A lista negra: ¿Análisis digital o estigmatizacion?

Frente al reciente debate nacional generado por los diagnósticos oficiales y la exposición pública de voces críticas desde las más altas esferas del poder público, resulta indispensable fijar una postura clara, firme y sin ambigüedades en defensa de las instituciones, el estado de derecho y las libertades democráticas fundamentales de nuestra sociedad.
En la actualidad, las redes sociales y los espacios digitales constituyen, por su propia naturaleza, arenas dinámicas y plurales donde convergen de manera natural el debate público, la crítica legítima, la fiscalización ciudadana y las inevitables tensiones políticas cotidianas.
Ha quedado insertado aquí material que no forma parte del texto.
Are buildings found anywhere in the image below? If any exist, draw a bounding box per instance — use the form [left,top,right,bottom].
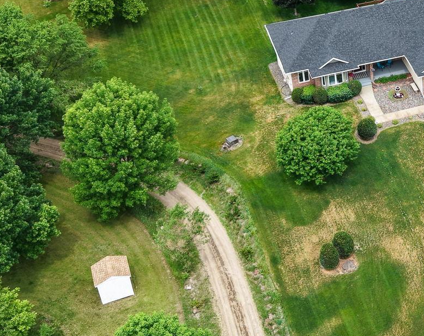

Sin embargo, cuando el aparato del Estado decide destinar tiempo, cuantiosos recursos públicos y tribunas oficiales a elaborar diagnósticos con dedicatoria específica para clasificar, señalar, fichar y etiquetar a quienes piensan distinto, se cruza una línea sumamente peligrosa para la estabilidad democrática y la convivencia pacífica.
En fechas recientes fue presentado un “ejercicio” del gobierno federal que buscó catalogar flujos de información y poner rostro, fotografía, nombres y filiación a legisladoras, legisladores, periodistas, activistas sociales y voces opositoras bajo el pretexto técnico de analizar ecosistemas de amplificación digital.
Esto, lejos de constituir un ejercicio neutral de transparencia institucional, ha mandado un mensaje inequívoco de intimidación política, pues cuando desde el poder se confeccionan listas negras y se estigmatiza sistemáticamente a la voz crítica, se debilita el pacto social y se vulnera la garantía elemental de disentir libremente sin el temor constante a la persecución gubernamental.
Ante esto, diversos liderazgos políticos, colectivos ciudadanos y voces plurales en todo el país han alzado la voz con absoluta razón y congruencia. El disenso político nunca será una amenaza que deba neutralizarse ni un fenómeno que deba combatirse desde el púlpito oficial; es, por el contrario, la esencia misma, el termómetro indispensable y el motor de transformación de cualquier República que se jacte de ser verdaderamente democrática.
Frente a este escenario, es imperativo hacer un alto reflexivo y replantear las verdaderas prioridades que demanda nuestra sociedad en su día a día. Mientras los recursos gubernamentales se concentran en debatir quién critica la gestión oficial en internet, las familias mexicanas enfrentan cotidianamente retos profundos, complejos y urgentes en materia de seguridad, economía y bienestar social que no admiten distracciones institucionales de ninguna índole.
Hoy, quienes somos parte del servicio público, debemos tener muy claro que la ciudadanía no nos busca para presenciar pleitos digitales, presuntas listas de señalamientos o estrategias de propaganda partidista; nos exige resultados tangibles, cuentas claras, seguridad efectiva y oportunidades reales de desarrollo colectivo. En mi caso, tengo claro que la política verdaderamente útil es aquella que concentra su energía y talento en resolver los problemas reales de la gente, no en fiscalizar ni coartar la libertad de expresión ciudadana.
Desde nuestra trinchera institucional en lo local, debemos mantenernos firmes en la defensa inclaudicable de los derechos fundamentales y de la apertura al diálogo plural. En Aguascalientes estamos acostumbrados a trabajar privilegiando el respeto mutuo, la concordia social y el esfuerzo diario por encima de la polarización estéril.
El llamado a quienes somos parte de la administración pública es a demostrar con hechos contundentes que la mejor respuesta ante la tentación autoritaria del control y la estigmatización es un gobierno cercano, transparente y dedicado de tiempo completo a servir a su comunidad, tal como aquí lo hacen la gobernadora Tere Jiménez y en la Capital, Leo Montañez, sabiendo que la libertad de pensamiento y la pluralidad no se persiguen ni se hostigan; se garantizan, se protegen y se respetan todos los días.